Recorded data
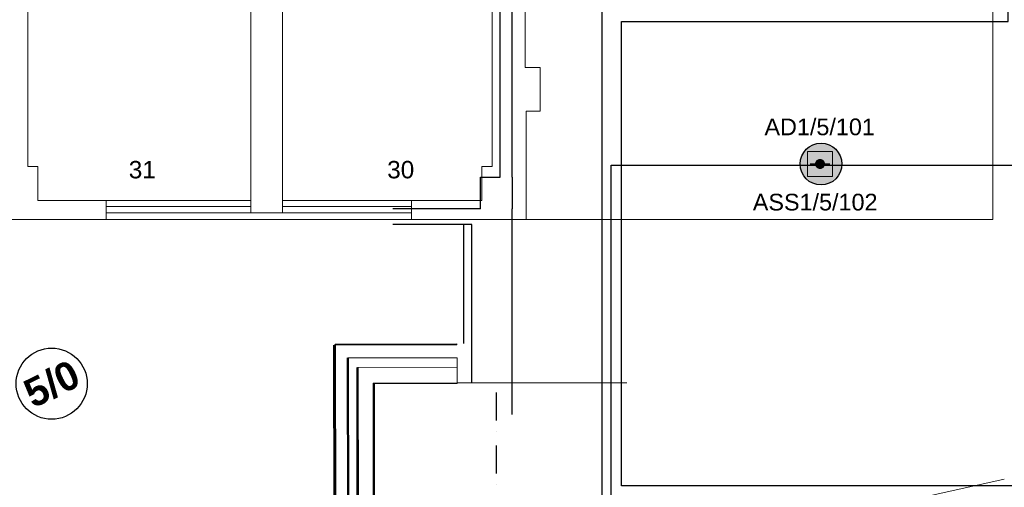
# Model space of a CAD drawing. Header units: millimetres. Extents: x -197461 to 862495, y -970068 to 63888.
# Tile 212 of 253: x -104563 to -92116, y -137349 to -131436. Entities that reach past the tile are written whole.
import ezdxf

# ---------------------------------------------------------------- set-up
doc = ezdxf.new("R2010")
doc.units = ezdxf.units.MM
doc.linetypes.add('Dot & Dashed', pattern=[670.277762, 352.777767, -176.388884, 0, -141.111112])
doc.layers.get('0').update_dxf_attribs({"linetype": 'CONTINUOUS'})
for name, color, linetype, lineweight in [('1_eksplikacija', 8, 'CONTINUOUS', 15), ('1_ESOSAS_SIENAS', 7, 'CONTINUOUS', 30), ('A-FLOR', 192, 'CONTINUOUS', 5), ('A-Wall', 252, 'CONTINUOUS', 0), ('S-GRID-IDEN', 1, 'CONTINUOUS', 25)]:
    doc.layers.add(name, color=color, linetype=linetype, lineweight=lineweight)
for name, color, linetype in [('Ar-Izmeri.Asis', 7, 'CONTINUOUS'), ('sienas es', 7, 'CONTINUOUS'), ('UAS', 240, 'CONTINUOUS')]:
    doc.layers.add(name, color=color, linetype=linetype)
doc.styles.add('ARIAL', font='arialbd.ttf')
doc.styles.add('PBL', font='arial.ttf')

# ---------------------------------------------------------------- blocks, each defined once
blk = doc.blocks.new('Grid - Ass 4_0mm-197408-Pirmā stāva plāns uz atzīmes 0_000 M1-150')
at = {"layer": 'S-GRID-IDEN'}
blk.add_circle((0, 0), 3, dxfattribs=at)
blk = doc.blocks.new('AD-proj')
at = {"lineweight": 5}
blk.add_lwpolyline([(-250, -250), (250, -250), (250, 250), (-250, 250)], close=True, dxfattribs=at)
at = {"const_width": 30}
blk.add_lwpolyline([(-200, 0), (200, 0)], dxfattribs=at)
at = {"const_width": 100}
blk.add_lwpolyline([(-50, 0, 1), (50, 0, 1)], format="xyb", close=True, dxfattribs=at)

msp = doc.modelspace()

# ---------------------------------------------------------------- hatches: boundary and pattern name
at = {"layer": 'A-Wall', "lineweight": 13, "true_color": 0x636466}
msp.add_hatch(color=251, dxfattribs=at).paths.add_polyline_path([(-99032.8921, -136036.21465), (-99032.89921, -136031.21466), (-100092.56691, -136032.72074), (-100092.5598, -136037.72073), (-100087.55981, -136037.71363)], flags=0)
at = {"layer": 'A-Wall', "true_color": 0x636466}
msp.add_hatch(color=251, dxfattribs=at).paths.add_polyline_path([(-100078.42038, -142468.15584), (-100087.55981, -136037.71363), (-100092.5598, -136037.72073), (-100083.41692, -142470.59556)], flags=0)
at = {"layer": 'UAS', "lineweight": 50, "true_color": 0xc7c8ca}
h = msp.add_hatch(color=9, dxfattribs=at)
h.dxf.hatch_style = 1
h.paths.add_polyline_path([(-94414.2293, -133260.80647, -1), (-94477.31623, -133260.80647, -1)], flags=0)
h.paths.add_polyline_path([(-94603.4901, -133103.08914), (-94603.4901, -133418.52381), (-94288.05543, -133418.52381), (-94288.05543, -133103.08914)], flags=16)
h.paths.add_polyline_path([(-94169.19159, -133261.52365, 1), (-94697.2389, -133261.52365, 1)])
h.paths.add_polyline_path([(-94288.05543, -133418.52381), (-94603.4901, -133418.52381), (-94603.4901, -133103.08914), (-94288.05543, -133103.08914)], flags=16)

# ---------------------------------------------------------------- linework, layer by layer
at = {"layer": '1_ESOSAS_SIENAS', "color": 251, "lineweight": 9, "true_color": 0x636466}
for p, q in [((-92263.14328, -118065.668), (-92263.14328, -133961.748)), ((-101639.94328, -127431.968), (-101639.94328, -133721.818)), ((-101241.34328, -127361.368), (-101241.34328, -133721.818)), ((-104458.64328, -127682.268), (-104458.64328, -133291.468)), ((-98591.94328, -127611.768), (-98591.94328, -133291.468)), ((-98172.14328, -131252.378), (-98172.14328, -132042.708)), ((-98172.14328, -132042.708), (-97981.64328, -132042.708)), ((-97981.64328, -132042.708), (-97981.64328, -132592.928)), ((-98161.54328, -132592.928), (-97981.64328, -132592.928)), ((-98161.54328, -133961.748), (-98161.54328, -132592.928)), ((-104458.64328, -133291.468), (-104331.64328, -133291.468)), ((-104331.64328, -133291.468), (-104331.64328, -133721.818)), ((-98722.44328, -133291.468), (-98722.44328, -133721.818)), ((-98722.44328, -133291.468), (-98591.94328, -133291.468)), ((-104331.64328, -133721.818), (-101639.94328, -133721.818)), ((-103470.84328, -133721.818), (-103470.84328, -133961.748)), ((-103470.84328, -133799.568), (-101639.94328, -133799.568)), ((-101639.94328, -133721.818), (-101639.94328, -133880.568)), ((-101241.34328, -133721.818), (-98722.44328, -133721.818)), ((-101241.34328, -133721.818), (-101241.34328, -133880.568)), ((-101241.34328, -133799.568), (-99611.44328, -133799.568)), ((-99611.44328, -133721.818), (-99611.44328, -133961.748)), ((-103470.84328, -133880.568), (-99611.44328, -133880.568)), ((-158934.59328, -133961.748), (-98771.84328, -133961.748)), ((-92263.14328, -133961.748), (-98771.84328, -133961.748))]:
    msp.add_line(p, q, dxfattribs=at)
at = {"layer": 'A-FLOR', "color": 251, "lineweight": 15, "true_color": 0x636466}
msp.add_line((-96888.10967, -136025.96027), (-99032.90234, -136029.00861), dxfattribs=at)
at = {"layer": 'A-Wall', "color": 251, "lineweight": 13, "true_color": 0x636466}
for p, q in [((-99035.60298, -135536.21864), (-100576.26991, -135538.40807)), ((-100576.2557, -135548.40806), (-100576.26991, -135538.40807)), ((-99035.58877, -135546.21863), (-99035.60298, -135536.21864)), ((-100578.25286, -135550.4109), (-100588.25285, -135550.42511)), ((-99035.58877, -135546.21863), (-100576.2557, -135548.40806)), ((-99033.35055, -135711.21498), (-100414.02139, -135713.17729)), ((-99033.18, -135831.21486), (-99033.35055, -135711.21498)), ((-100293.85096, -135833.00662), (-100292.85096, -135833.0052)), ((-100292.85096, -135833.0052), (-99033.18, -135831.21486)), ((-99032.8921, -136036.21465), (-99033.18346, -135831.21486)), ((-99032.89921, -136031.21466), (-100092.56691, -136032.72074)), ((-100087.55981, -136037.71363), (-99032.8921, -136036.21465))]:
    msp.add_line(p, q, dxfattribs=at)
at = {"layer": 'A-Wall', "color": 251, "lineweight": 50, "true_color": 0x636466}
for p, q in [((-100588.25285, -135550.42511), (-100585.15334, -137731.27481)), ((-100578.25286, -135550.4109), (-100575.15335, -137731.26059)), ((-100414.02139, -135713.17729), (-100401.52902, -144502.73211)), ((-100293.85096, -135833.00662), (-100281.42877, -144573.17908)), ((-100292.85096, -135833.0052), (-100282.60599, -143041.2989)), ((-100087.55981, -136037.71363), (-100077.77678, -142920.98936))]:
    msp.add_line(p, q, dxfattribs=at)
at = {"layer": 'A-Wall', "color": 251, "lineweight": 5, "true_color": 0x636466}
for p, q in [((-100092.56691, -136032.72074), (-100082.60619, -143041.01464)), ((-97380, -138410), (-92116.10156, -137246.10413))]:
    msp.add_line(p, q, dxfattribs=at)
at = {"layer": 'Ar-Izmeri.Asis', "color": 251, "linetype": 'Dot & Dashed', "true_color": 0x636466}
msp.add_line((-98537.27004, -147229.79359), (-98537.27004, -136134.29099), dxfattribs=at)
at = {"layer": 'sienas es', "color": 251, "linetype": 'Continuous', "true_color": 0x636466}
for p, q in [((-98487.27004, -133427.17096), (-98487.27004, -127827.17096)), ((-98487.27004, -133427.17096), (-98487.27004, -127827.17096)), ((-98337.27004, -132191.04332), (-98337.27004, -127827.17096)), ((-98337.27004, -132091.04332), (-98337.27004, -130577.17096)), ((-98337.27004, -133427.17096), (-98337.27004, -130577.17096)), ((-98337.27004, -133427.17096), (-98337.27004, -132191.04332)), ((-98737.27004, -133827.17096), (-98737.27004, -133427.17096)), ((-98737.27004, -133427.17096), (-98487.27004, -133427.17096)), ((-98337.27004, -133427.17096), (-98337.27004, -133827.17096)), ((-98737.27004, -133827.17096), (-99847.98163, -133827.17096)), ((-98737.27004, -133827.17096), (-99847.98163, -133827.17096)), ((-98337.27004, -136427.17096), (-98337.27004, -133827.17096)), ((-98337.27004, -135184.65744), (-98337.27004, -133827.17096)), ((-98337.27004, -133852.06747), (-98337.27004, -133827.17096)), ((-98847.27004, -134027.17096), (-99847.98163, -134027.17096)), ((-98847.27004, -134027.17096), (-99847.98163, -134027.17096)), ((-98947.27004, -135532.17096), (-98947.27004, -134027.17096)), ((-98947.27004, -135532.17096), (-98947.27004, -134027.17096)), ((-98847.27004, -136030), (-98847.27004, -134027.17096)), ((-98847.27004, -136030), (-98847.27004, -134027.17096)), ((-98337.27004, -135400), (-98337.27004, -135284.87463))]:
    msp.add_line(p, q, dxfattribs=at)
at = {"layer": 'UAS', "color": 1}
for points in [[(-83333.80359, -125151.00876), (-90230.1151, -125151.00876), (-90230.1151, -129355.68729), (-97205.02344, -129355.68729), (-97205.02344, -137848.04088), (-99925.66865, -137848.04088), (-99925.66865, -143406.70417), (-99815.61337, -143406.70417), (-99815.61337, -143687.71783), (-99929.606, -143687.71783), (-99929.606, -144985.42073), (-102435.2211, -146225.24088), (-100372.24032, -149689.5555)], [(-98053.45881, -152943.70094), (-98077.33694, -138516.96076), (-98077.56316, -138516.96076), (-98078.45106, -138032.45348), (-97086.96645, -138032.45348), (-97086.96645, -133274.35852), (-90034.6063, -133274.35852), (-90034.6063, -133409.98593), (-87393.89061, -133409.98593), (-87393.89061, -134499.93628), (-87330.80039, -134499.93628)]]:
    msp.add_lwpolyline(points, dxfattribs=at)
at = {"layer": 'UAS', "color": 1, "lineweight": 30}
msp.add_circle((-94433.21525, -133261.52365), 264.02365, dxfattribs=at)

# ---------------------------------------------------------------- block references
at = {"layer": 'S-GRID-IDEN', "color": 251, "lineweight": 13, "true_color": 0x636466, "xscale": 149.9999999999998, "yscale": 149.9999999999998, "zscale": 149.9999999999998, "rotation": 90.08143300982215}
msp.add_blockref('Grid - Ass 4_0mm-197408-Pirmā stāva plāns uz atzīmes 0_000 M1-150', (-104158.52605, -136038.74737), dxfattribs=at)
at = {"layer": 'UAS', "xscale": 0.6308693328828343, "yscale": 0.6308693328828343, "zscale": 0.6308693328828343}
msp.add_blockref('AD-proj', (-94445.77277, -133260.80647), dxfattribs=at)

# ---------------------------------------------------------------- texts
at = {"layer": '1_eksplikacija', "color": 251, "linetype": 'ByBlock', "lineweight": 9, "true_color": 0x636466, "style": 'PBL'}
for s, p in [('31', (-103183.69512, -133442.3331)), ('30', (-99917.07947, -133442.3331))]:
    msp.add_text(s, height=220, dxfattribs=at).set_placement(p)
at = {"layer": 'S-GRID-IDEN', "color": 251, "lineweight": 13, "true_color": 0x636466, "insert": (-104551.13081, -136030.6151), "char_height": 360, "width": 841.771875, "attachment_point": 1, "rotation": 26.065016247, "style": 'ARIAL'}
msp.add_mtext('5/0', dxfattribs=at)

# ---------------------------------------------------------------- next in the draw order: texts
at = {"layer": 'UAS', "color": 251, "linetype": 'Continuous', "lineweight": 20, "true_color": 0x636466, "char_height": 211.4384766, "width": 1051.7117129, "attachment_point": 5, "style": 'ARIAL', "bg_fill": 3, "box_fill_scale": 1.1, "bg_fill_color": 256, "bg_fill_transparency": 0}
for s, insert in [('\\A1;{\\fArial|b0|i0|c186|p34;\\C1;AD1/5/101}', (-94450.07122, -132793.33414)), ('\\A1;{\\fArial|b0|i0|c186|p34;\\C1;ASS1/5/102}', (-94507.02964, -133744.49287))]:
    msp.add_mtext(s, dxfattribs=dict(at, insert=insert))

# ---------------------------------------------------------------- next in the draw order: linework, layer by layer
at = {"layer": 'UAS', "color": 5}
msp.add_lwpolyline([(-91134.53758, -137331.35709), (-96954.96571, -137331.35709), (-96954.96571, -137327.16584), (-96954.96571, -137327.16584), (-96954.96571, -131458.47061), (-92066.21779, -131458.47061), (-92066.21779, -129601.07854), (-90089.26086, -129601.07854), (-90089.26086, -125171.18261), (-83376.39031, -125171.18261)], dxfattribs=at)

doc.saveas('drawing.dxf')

> [What to do]:
The answer must consist solely of the lines from the first line of the records through the line containing "msp = doc.modelspace()", reproduced exactly and without the pictures.

> [Response box]:
# Model space of a CAD drawing. Header units: millimetres. Extents: x -197461 to 862495, y -970068 to 63888.
# Tile 212 of 253: x -104563 to -92116, y -137349 to -131436. Entities that reach past the tile are written whole.
import ezdxf

# ---------------------------------------------------------------- set-up
doc = ezdxf.new("R2010")
doc.units = ezdxf.units.MM
doc.linetypes.add('Dot & Dashed', pattern=[670.277762, 352.777767, -176.388884, 0, -141.111112])
doc.layers.get('0').update_dxf_attribs({"linetype": 'CONTINUOUS'})
for name, color, linetype, lineweight in [('1_eksplikacija', 8, 'CONTINUOUS', 15), ('1_ESOSAS_SIENAS', 7, 'CONTINUOUS', 30), ('A-FLOR', 192, 'CONTINUOUS', 5), ('A-Wall', 252, 'CONTINUOUS', 0), ('S-GRID-IDEN', 1, 'CONTINUOUS', 25)]:
    doc.layers.add(name, color=color, linetype=linetype, lineweight=lineweight)
for name, color, linetype in [('Ar-Izmeri.Asis', 7, 'CONTINUOUS'), ('sienas es', 7, 'CONTINUOUS'), ('UAS', 240, 'CONTINUOUS')]:
    doc.layers.add(name, color=color, linetype=linetype)
doc.styles.add('ARIAL', font='arialbd.ttf')
doc.styles.add('PBL', font='arial.ttf')

# ---------------------------------------------------------------- blocks, each defined once
blk = doc.blocks.new('Grid - Ass 4_0mm-197408-Pirmā stāva plāns uz atzīmes 0_000 M1-150')
at = {"layer": 'S-GRID-IDEN'}
blk.add_circle((0, 0), 3, dxfattribs=at)
blk = doc.blocks.new('AD-proj')
at = {"lineweight": 5}
blk.add_lwpolyline([(-250, -250), (250, -250), (250, 250), (-250, 250)], close=True, dxfattribs=at)
at = {"const_width": 30}
blk.add_lwpolyline([(-200, 0), (200, 0)], dxfattribs=at)
at = {"const_width": 100}
blk.add_lwpolyline([(-50, 0, 1), (50, 0, 1)], format="xyb", close=True, dxfattribs=at)

msp = doc.modelspace()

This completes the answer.